Devamında iki cümleden oluşan açıklama var;
“O’nu anlamak…” ve “O’nun haklılığı…”
***
ERBAKAN HOCA KİMDİR?-8 (Videoda O’nun haklılığını anlamaya devam…)
Davası olan, hayalleri olan, vazgeçmeyi bilmeyen bir adamdı o. İnanılmaz derecede yüksek motivasyonunu kimsenin düşürmesine izin vermedi Necmettin Erbakan.
Türkiye'de fabrika faaliyetlerine başlar başlamaz sıkıntılar yaşamaya başladı. Türkiye'ye motor ithal eden büyük ve güçlü üreticiler bu duruma karşı çıktı, çünkü bu durum onları hem maddi olarak zora sokuyor hem de Türkiye'nin güçlenmesini istemiyorlardı.
Yapılan müdahaleler ve çeşitli finans oyunlarıyla Gümüş Motor el değiştirmek zorunda kaldı ama Erbakan hayalinden asla vazgeçmedi.
Erbakan'a göre Türkiye'nin süper güç olma yolundaki en büyük engellerden biri Türkiye Odalar ve Borsalar Birliği idi. Yaptığı siyasi faaliyetler ve gösterdiği çabaların sonucu olarak Türkiye Odalar ve Borsalar Birliği'nin Genel Sekreteri görevini aldı ama bu kez Erbakan'ın yapmak istediklerine Odalar Birliği Başkanı çomak sokmaktaydı. Ellerinden gelen her şeyi yapıp Erbakan'ın tüm kapılarını kapatmak istediler. Bu kez başkan olmayı kafasına koyan Necmettin Hoca yaptığı akıllıca politikayla 1969 yılında Odalar Birliği Başkanı olarak seçildi. Erbakan'ın seçilmesinde Anadolu iş adamlarının büyük rolü vardı. Çünkü Erbakan söz vermiş, Anadolu sermayesini yükselteceğini söylemişti.

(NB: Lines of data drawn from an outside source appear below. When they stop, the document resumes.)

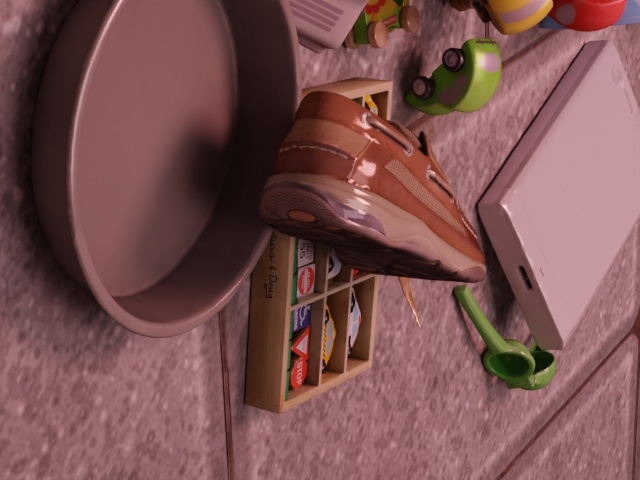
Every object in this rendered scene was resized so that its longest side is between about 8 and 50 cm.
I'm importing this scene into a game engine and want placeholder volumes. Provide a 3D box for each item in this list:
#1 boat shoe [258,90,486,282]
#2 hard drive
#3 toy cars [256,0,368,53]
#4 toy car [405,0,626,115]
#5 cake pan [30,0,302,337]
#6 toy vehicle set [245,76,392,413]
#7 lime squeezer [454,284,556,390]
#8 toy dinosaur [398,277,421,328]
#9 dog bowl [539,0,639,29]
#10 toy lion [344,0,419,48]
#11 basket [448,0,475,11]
[{"bbox_3d":[0.060,-0.038,1.431,0.324,0.123,0.116,29,69,-66],"label":"boat shoe"},{"bbox_3d":[0.285,-0.054,1.976,0.307,0.040,0.203,-53,128,-39],"label":"hard drive"},{"bbox_3d":[0.107,-0.286,1.391,0.393,0.087,0.176,-30,117,-18],"label":"toy cars"},{"bbox_3d":[0.170,-0.176,1.604,0.239,0.053,0.225,-8,153,-51],"label":"toy car"},{"bbox_3d":[-0.109,-0.078,1.272,0.293,0.054,0.293,-32,128,-54],"label":"cake pan"},{"bbox_3d":[0.000,0.000,1.521,0.166,0.035,0.267,-22,119,-58],"label":"toy vehicle set"},{"bbox_3d":[0.223,0.111,1.955,0.310,0.059,0.110,9,93,-61],"label":"lime squeezer"},{"bbox_3d":[0.074,-0.011,1.623,0.183,0.053,0.093,83,24,-45],"label":"toy dinosaur"},{"bbox_3d":[0.342,-0.288,1.921,0.297,0.166,0.074,-28,114,-55],"label":"dog bowl"},{"bbox_3d":[0.047,-0.219,1.535,0.100,0.034,0.096,-32,120,-54],"label":"toy lion"},{"bbox_3d":[0.256,-0.367,1.665,0.299,0.213,0.223,-51,141,-40],"label":"basket"}]
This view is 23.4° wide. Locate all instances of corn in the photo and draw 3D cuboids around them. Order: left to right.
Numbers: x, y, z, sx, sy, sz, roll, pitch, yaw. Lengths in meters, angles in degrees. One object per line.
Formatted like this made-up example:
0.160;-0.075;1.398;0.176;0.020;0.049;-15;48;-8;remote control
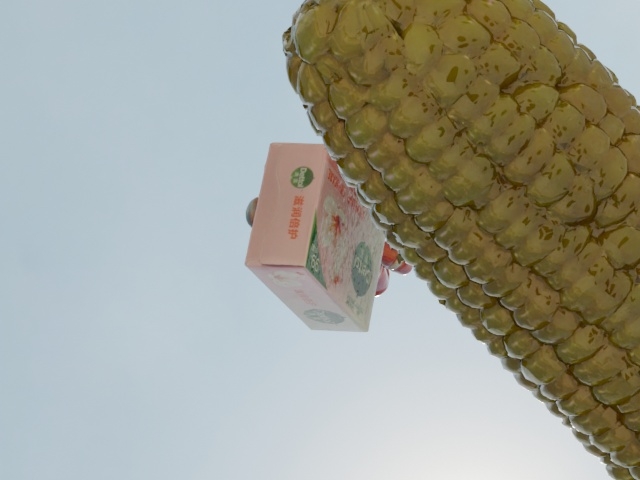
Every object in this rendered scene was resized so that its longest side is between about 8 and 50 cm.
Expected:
0.103;0.022;0.510;0.313;0.102;0.102;41;-144;-14;corn

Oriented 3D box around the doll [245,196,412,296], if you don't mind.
0.003;-0.003;1.338;0.142;0.245;0.076;4;-110;11;doll

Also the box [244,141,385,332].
0.000;0.000;1.016;0.125;0.043;0.089;46;-130;-59;box
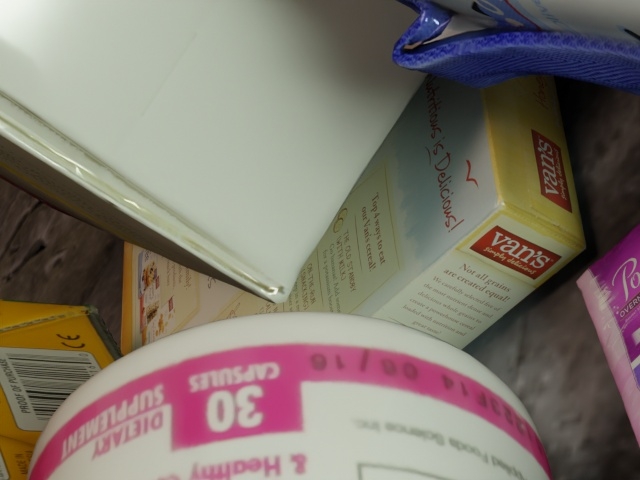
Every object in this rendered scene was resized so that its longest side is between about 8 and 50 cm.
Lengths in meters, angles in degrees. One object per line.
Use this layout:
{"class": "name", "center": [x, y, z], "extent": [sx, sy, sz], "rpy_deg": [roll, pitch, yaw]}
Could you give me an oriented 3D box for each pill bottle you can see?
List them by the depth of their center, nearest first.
{"class": "pill bottle", "center": [-0.002, 0.171, 0.420], "extent": [0.160, 0.160, 0.283], "rpy_deg": [-43, 35, 33]}

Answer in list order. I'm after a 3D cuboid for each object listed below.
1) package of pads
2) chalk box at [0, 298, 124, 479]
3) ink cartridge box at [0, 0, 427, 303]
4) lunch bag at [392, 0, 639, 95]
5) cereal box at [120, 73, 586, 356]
{"class": "package of pads", "center": [0.109, 0.029, 0.487], "extent": [0.050, 0.032, 0.083], "rpy_deg": [-45, 34, 26]}
{"class": "chalk box", "center": [-0.179, 0.181, 0.647], "extent": [0.180, 0.179, 0.289], "rpy_deg": [-134, 55, -60]}
{"class": "ink cartridge box", "center": [-0.062, -0.147, 0.699], "extent": [0.279, 0.160, 0.384], "rpy_deg": [-58, 19, -5]}
{"class": "lunch bag", "center": [0.117, -0.134, 0.381], "extent": [0.303, 0.115, 0.243], "rpy_deg": [24, 91, 60]}
{"class": "cereal box", "center": [0.000, 0.000, 0.674], "extent": [0.240, 0.047, 0.173], "rpy_deg": [-41, 35, 34]}
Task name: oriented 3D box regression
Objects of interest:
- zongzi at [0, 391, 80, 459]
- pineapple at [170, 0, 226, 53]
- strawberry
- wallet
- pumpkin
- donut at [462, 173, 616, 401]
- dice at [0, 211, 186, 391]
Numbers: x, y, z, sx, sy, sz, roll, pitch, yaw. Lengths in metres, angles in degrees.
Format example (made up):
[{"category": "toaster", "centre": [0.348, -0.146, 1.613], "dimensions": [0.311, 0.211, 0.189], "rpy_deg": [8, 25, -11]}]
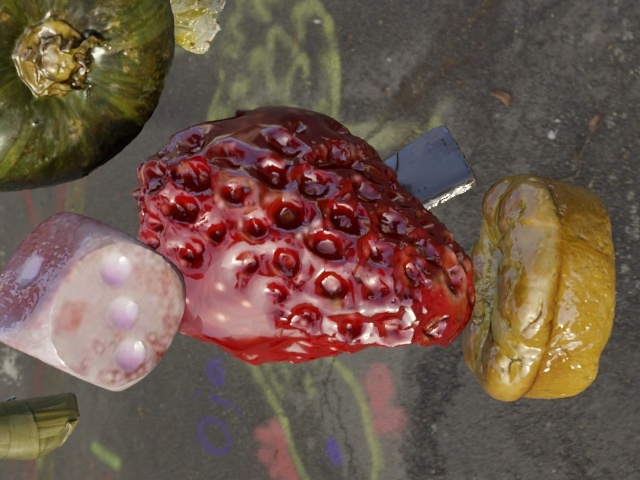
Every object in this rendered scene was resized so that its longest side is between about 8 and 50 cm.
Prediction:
[{"category": "zongzi", "centre": [-0.639, 0.399, 1.353], "dimensions": [0.256, 0.228, 0.114], "rpy_deg": [-40, 60, 38]}, {"category": "pineapple", "centre": [-0.250, -0.424, 1.158], "dimensions": [0.114, 0.186, 0.236], "rpy_deg": [53, 152, 41]}, {"category": "strawberry", "centre": [0.000, 0.000, 0.716], "dimensions": [0.345, 0.317, 0.295], "rpy_deg": [12, 75, 32]}, {"category": "wallet", "centre": [0.154, -0.102, 1.373], "dimensions": [0.310, 0.042, 0.165], "rpy_deg": [-30, 59, 17]}, {"category": "pumpkin", "centre": [-0.207, -0.141, 0.455], "dimensions": [0.157, 0.224, 0.223], "rpy_deg": [28, 106, 38]}, {"category": "donut", "centre": [0.297, 0.064, 0.947], "dimensions": [0.299, 0.150, 0.317], "rpy_deg": [-92, 8, -68]}, {"category": "dice", "centre": [-0.152, 0.040, 0.440], "dimensions": [0.094, 0.091, 0.093], "rpy_deg": [10, 67, 45]}]

Başkan seçilir seçilmez o da önceliği Anadolu sermayesine verir. Anadolu'nun kalkınması için sermaye dağıtımında Anadolu iş adamlarını güçlendirmek önceliklidir.
Bu durumdan rahatsız olan Süleyman Demirel yönetimi duruma müdahale eder ve Necmettin Erbakan'ı görevinden uzaklaştırır hem de gece yarısı kapısı kırılarak ve polis zoruyla. Gerekçesi ise çok saçmaydı. Erbakan Hoca sermayeyi eşit dağıtmıştı ama onların istediği şeyse sermayenin belirli kişilerin elinde toplanmasıydı. Tek suçu adil olmaktı.
Bu zor dönemde bile akademisyenliğe hiç ara vermedi Erbakan Hoca, 39 yaşına girdiğinde profesör olmuştu. Bu yıllarda mutluluğu da yakalamış, Odalar Birliği'nde görev yapan Neriman Saatçioğlu ile evlendi ve üç tane çocukları oldu.
***
Odalar Birliği Başkanlığı görevinden alınması da yeni bir siyaset akımının doğuşu olmuştu, aynı zamanda Türkiye tarihine damga vuracak bir liderin doğuşunun da habercisiydi. Erbakan Hoca ve arkadaşları Adalet Partisi'ne siyaset yapmak için başvurmuştu ancak okuldan arkadaşı olan Süleyman Demirel'den veto yedi. Süleyman Demirel Erbakan Hoca'nın partiyi ele geçirmesinden korkmuştu.
Bunun üzerine 20 kişilik arkadaş grubuyla Bağımsızlar Hareketi’ni başlattılar.
1969 yılında yapılan seçime Konya'dan bağımsız milletvekili adayı olarak girer ve seçimleri büyük fark atarak kazanır.
Necmettin Erbakan artık siyaset meydanındaydı. Kısa bir süre sonra da Millî Nizam Partisi’ni kurdu. Bu Millî Görüş’ün ilk partisiydi. “Millî Görüş aslında bizim milletimizin Malazgirt Zaferi’ni kazanan, İstanbul'u fetheden ruhu ve görüşüdür. Millî Görüş’te ne solcu görüşün eksiklikleri, noksanları, insan tabiatına aykırı tarafları ne kapitalist sistemin mahzurlu ve sömürücü yanları vardır.”